### [Work to complete]
Find the word "SUBTRACT" below. Copy each line that has it.

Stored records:
-- Opening Marker --

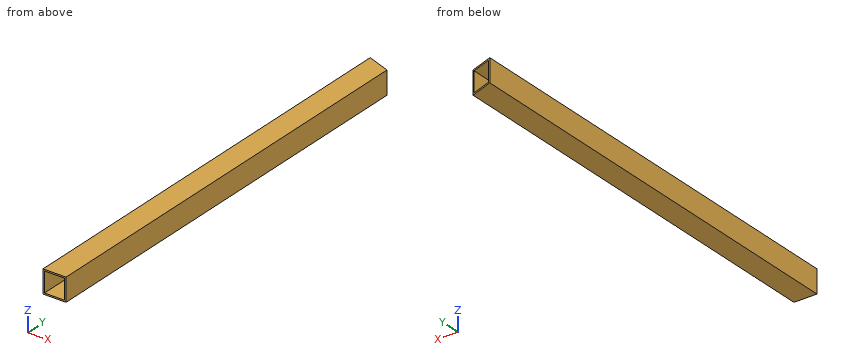
```python
from build123d import *

# Parameters (mm, degrees)
SKETCH1_W           = 25.4
SKETCH1_H           = 25.4
SKETCH1_W_2         = 22.225
SKETCH1_H_2         = 22.225
BOSS_EXTRUDE1_DEPTH = 482.6
CUT_EXTRUDE1_DEPTH  = 25.4


with BuildPart() as part:
    # Sketch1 → Boss-Extrude1 (new body)
    with BuildSketch(Plane(origin=(0, 0, 0), x_dir=(1, 0, 0), z_dir=(0, 1, 0))):
        Rectangle(SKETCH1_W, SKETCH1_H)
        Rectangle(SKETCH1_W_2, SKETCH1_H_2, mode=Mode.SUBTRACT)
    extrude(amount=BOSS_EXTRUDE1_DEPTH)

    # Sketch2 → Cut-Extrude1 (cut)
    with BuildSketch(Plane.XY.offset(12.7)):
        Polygon((-12.7, 482.6), (12.7, 473.35515605), (12.7, 482.6), align=None)
    extrude(amount=-CUT_EXTRUDE1_DEPTH, mode=Mode.SUBTRACT)


solid = part.part
```
Could you check a few things on this model? Use its own coordinates, in mm. Round coordinates to 2 decimals unless told otherwise and drop trailing zeros. Loops run counter-clockwise (first coordinate to the right, second up) from the corner with the lowest first, then second, coordinate; pieces in that order, holes last. Notation, with made-up numbers: (33, 57.5) - (91, 57.5) arc R27 cw to (91, 83.5) - close; hole circle Ø2 at (3.25, 84.25). An arc over 180 degrees is marked (long way). Use CSV: the item, a comma, the result in double quotes.
Item 1: Will these pins go through, and if not, where does the flat tip stop? pin 1 (5 mm diameter, centred on x = 3, z = -9, fed in from +Y); pin 2 (4 mm diameter, centred on x = 7.5, z = 10, fed in from +Y); pin 3 (12 mm diameter, centred on x = 9, z = -3.5, fed in from -Y).
Here are the results:
pin 1,"stops at y = 477.37"
pin 2,"stops at y = 475.85"
pin 3,"stops at y = 0"
Item 2: If we section it at A-A on z = 0.5: List the corners of the cut face in (x, y) for me, then the cut area to 3 significant figures.
Here are the results:
outline,"(-12.7, 0) - (-11.11, 0) - (-11.11, 482.02) - (-12.7, 482.6) - close; (11.11, 0) - (12.7, 0) - (12.7, 473.36) - (11.11, 473.93) - close"
area,"1,520 mm²"
Item 3: If we section it at C-C on x = 2.25: List the corners of the cut face in (y, z) for me.
Here are the results:
outline,"(0, -12.7) - (477.16, -12.7) - (477.16, -11.11) - (0, -11.11) - close; (0, 11.11) - (477.16, 11.11) - (477.16, 12.7) - (0, 12.7) - close"
Item 4: If we section it at B-B on y = 400: List the corners of the cut face in (x, z) for me, then the cut area to 3 significant figures.
Here are the results:
outline,"(-12.7, -12.7) - (12.7, -12.7) - (12.7, 12.7) - (-12.7, 12.7) - close; hole (-11.11, -11.11) - (11.11, -11.11) - (11.11, 11.11) - (-11.11, 11.11) - close"
area,"151 mm²"
Item 5: I need wall thicknesses on L1, parallel to X at y = 192.5, z = -3.25. Which ranges of the line are inside material? Lowest first, please. Write a range as [from, to].
Here are the results:
L1,"x = [-12.7, -11.11], [11.11, 12.7]"

-- Closing Marker --

### [Completed task]
        Rectangle(SKETCH1_W_2, SKETCH1_H_2, mode=Mode.SUBTRACT)
    extrude(amount=-CUT_EXTRUDE1_DEPTH, mode=Mode.SUBTRACT)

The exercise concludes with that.